== Directions for this task ==
Among the records below, find the lines containing "sides" and state only how many there are.

BEGIN

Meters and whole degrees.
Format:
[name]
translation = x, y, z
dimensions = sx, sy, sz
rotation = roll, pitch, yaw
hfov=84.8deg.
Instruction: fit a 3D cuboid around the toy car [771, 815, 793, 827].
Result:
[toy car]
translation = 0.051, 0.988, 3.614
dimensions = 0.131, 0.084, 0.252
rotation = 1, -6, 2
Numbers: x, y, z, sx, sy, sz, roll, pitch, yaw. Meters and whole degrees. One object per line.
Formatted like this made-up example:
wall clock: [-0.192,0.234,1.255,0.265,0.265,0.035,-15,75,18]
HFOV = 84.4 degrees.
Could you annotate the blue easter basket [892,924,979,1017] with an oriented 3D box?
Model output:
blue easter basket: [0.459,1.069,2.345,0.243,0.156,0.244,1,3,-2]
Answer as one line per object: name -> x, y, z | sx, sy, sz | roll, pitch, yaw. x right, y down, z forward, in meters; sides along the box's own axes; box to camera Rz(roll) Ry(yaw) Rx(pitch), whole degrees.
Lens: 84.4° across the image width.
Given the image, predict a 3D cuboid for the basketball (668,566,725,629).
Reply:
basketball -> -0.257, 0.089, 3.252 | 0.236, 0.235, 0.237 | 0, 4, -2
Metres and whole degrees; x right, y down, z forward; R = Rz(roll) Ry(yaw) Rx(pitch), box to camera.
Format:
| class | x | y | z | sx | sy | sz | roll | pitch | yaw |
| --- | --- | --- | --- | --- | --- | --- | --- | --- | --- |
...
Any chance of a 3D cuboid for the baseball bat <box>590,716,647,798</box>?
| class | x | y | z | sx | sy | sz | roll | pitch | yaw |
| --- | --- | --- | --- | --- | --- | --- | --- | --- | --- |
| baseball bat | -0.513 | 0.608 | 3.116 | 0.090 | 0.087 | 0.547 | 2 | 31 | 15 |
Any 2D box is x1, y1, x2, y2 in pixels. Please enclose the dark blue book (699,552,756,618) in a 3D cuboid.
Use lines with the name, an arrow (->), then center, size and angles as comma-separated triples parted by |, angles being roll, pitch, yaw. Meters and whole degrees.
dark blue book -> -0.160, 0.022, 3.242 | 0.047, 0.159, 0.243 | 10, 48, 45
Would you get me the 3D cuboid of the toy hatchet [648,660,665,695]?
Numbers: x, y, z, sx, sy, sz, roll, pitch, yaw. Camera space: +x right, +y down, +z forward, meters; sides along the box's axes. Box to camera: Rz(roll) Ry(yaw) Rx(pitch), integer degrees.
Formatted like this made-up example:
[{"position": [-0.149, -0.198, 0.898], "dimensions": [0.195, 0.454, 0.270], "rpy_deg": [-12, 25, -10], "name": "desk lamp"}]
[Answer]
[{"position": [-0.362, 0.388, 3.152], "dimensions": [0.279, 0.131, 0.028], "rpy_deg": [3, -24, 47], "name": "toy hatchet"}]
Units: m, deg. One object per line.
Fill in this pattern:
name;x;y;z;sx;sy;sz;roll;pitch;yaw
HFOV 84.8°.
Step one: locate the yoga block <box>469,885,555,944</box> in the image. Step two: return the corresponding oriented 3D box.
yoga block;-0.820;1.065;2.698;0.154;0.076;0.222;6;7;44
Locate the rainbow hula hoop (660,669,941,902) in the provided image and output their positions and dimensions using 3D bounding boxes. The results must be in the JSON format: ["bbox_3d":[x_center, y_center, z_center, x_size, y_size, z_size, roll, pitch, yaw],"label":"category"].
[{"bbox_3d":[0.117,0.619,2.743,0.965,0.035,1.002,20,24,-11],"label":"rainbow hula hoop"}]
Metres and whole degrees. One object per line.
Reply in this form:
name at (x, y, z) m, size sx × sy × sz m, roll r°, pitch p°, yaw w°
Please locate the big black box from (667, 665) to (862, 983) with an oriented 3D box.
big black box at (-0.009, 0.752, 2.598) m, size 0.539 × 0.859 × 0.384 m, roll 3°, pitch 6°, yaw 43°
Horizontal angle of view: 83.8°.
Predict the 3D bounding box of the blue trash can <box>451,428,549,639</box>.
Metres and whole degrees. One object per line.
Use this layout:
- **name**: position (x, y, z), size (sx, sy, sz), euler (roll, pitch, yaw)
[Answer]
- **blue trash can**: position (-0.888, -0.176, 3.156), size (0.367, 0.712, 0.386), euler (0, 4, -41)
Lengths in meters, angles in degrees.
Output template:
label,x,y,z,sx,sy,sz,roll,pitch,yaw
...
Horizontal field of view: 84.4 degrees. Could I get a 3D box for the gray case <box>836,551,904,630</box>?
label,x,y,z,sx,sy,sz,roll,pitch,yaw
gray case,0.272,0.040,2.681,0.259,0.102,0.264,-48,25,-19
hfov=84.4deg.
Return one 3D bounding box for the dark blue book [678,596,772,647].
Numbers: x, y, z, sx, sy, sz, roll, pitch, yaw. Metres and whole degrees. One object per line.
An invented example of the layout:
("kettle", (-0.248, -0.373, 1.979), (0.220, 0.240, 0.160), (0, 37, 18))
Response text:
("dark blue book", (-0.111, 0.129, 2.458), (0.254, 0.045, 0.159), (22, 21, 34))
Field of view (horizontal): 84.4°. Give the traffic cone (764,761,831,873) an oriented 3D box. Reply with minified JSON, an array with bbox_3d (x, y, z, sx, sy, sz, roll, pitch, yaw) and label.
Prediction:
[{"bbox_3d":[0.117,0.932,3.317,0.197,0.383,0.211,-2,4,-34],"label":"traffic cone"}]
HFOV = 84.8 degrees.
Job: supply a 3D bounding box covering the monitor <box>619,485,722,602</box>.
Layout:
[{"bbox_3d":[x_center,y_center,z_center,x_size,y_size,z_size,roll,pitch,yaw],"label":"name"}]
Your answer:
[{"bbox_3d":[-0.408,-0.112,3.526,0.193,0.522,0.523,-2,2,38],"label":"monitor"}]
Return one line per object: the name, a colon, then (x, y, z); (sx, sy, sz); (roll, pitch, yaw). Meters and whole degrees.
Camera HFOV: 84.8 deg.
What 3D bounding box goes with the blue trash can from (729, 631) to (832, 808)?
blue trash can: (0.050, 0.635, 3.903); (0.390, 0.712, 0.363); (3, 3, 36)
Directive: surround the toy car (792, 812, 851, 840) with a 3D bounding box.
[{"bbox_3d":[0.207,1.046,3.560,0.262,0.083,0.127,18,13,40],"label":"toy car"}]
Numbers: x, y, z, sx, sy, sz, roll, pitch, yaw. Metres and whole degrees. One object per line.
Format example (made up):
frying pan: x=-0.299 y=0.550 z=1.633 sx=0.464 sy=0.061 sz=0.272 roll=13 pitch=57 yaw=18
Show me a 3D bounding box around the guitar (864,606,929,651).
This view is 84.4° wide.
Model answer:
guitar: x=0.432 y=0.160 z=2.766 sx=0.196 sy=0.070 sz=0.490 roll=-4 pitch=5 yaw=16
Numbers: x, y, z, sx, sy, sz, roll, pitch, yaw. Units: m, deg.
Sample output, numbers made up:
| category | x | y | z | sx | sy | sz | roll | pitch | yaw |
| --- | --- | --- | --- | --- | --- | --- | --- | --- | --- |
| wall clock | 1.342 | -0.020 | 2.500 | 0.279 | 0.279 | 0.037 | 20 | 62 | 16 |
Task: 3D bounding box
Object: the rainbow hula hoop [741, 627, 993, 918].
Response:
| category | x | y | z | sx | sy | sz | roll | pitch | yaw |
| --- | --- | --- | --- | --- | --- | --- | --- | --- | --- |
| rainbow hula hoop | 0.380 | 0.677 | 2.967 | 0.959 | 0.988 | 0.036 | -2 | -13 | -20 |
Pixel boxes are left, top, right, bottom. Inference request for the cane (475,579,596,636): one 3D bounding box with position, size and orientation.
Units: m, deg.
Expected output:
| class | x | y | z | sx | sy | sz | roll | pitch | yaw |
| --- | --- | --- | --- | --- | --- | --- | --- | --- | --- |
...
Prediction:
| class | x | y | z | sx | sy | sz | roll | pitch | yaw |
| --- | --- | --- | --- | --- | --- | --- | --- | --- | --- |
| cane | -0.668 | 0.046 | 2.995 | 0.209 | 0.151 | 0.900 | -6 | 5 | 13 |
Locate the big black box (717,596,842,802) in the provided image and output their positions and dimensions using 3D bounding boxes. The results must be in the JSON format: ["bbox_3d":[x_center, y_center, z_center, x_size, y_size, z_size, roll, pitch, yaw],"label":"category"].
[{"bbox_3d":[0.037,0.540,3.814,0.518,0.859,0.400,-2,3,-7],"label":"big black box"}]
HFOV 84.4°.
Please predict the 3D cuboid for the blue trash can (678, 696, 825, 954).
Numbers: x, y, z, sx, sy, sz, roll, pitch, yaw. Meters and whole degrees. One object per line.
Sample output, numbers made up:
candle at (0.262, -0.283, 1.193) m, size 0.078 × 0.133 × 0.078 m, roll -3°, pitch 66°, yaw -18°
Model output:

END

== Written answer ==
2